The presenter said the original grant application and resolution committed the town to use the money to upgrade treatment (advanced wastewater treatment tied to Basin Management Action Plan, BMAP, requirements), close two smaller plants (Tomoka and a County Road 29 plant) and collect sewer connections around the lakes to reduce septic impact. Staff described significant cost increases: initial plant cost estimates in early studies (roughly $15–$18 million) later rose to about $33 million, a change driven in part by nationwide supply and construction price increases. The grant agreement was amended to preserve the plant construction and allow further study of collection options after cost estimates changed.
Staff described grant-funded work already underway: the County Road 29 connection is under construction and will tie to a Conference Center lift station; the town intends to pipe and treat flows from Tomoka and County Road 29 at the new plant. Staff said the original grant included the design for collection lines to serve roughly 1,600 existing homes, but that expensive collection costs and the wide range of technical options (gravity, low-pressure or vacuum systems) mean the town will use engineering studies to determine the feasible approach for each neighborhood.

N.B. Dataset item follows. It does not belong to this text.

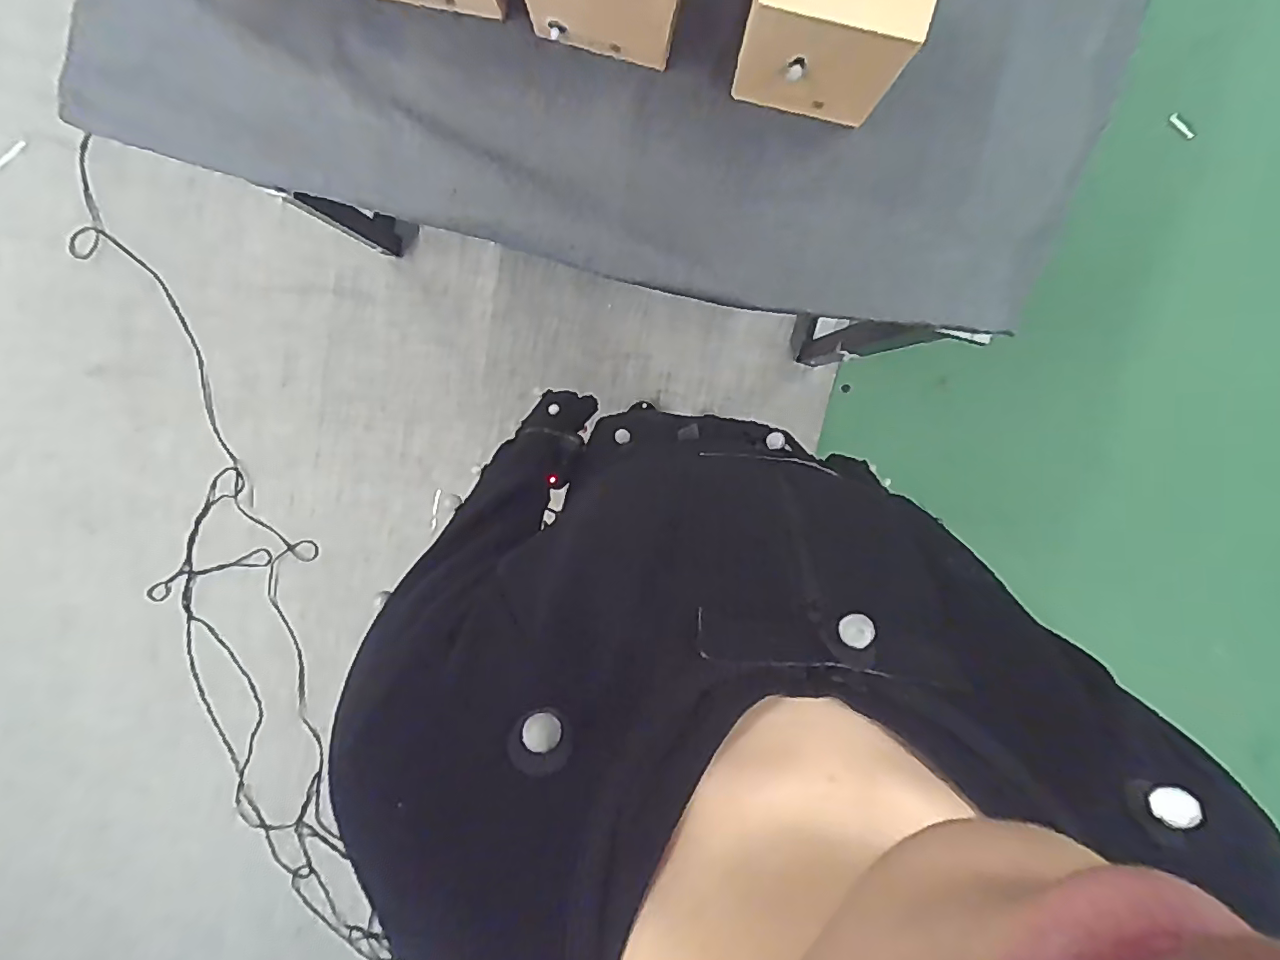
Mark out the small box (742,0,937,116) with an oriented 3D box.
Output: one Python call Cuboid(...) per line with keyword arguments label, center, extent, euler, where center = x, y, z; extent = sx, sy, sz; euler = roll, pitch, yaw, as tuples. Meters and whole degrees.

Key financial and technical details discussed: - Grant amount referenced: $40,000,000 (DEP) - New plant capacity: 1,000,000 gallons per day (1 MGD) - Current system: older plants and small plants (present capacity described as tens of thousands of gallons per day) and the Conference Center lift station capacity noted as a component of the system - Early plant cost estimate: $15–$18 million; later estimate: ~$33 million - Current system development charge (existing): $3,200 per connection; staff discussed a possible system development charge for new connections in the $10,000–$15,000 range (staff said $15,000 as a preferred target) - Example on-site advanced septic costs mentioned in public comment ranged from about $11,000 to $17,000 per system depending on site conditions
Staff and some board members recommended reserving the new plant’s capacity principally to serve existing homes around the lakes and to use grant funds to reduce connection costs for current residents rather than monetizing capacity by selling large blocks to new outside development. A council member’s alternate view — that selling capacity to developers could raise millions for the utility — was noted but staff said the grant agreement and the town’s commitments to DEP make selling a substantial share of capacity outside the plan area inadvisable without further review and explicit council approval.
Public comment reiterated multiple themes: long timelines to deliver collection lines, the high cost of hookups for homeowners, differences in neighborhood willingness to connect, and the political sensitivity of requiring or charging for hookups in lower-income areas. Staff said additional engineering analyses are needed — including the all-in cost comparison of gravity vs. low-pressure collection systems for specific neighborhoods and the lifetime maintenance costs of low-pressure pumps — before making connection policy decisions.
Staff asked the board to prioritize collection-line projects (examples: Green Dragon north, South Town, Conference Center north and Catfish Creek to serve canal systems) and to continue seeking state and federal grants to reduce connection costs to residents. No formal policy vote on hookup pricing or on monetizing capacity occurred at the meeting; staff will seek grants and return with engineering recommendations and proposed system development charges.